Al abandonar el sendero habían tomado la dirección Este, avanzando con dificultad por un terreno donde no existían huellas de que nadie hubiese pasado por allí anteriormente.
Temían ser perseguidos y buscados por los Hombres de Venus, que querrían vengar en ellos la destrucción de la valiosa estación de radio y la muerte de dos de los suyos. Al amanecer buscaron refugio en la angosta oquedad de un risco. Estaban rotos de cansancio y de hambre, y el frío era muy intenso.

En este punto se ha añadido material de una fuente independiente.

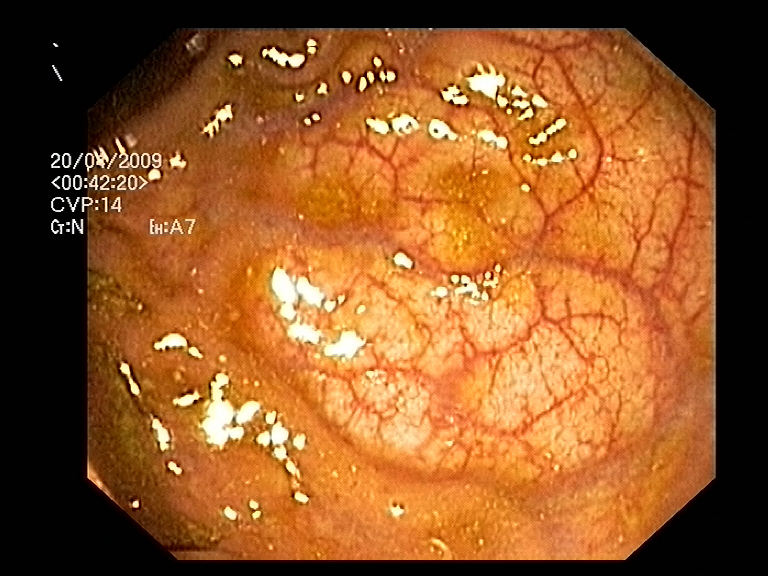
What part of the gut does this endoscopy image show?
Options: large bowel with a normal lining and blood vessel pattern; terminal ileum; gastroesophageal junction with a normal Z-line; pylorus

large bowel with a normal lining and blood vessel pattern
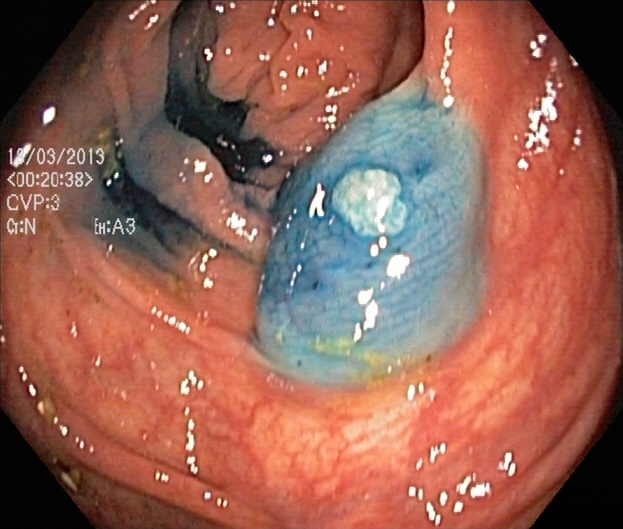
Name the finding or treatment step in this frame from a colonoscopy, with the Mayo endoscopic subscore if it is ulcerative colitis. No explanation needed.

dyed and lifted polyp (pre-resection)

Hacia las ocho de la mañana Richard Balmer despertó de un codazo a Miguel Ángel, que dormía acurrucado en el pequeño espacio, envuelto en una manta.
—¡Eh, teniente! ¡Tenemos un platillo volante a la vista!
Miguel Ángel fue a atisbar entre los ralos hierbajos que cubrían la entrada al refugio. Vio un platillo volante que, como suspendido del espacio por hilos invisibles, parecía explorar desde lo alto cada palmo del terreno.
El viento zarandeaba en ocasiones a la máquina y, en general, esta parecía afectada por la corriente de aire que la empujaba desplazándola lentamente.
—Me pregunto cómo se las arreglarán para sostener «eso» en el aire —murmuró Arthur.
—¡Chist, no hablen! —ordenó Aznar sigilosamente.
—¡Caramba, no hay para tanto! No creo que puedan oírnos desde allí arriba.
—¿Quién sabe? También nosotros tenemos aparatos auditivos de gran sensibilidad, que permitan escuchar una conversación sostenida en voz baja a cien metros de distancia.
Los cuatro hombres esperaron en silencio sin apartar sus ojos del platillo volante. Este, empujado por el viento, se fue alejando hasta desaparecer en la distancia.
Aunque no vieron ningún otro aparato en el resto del día, el temor a los platillos volantes que les buscaban les mantuvo escondidos en su agujero.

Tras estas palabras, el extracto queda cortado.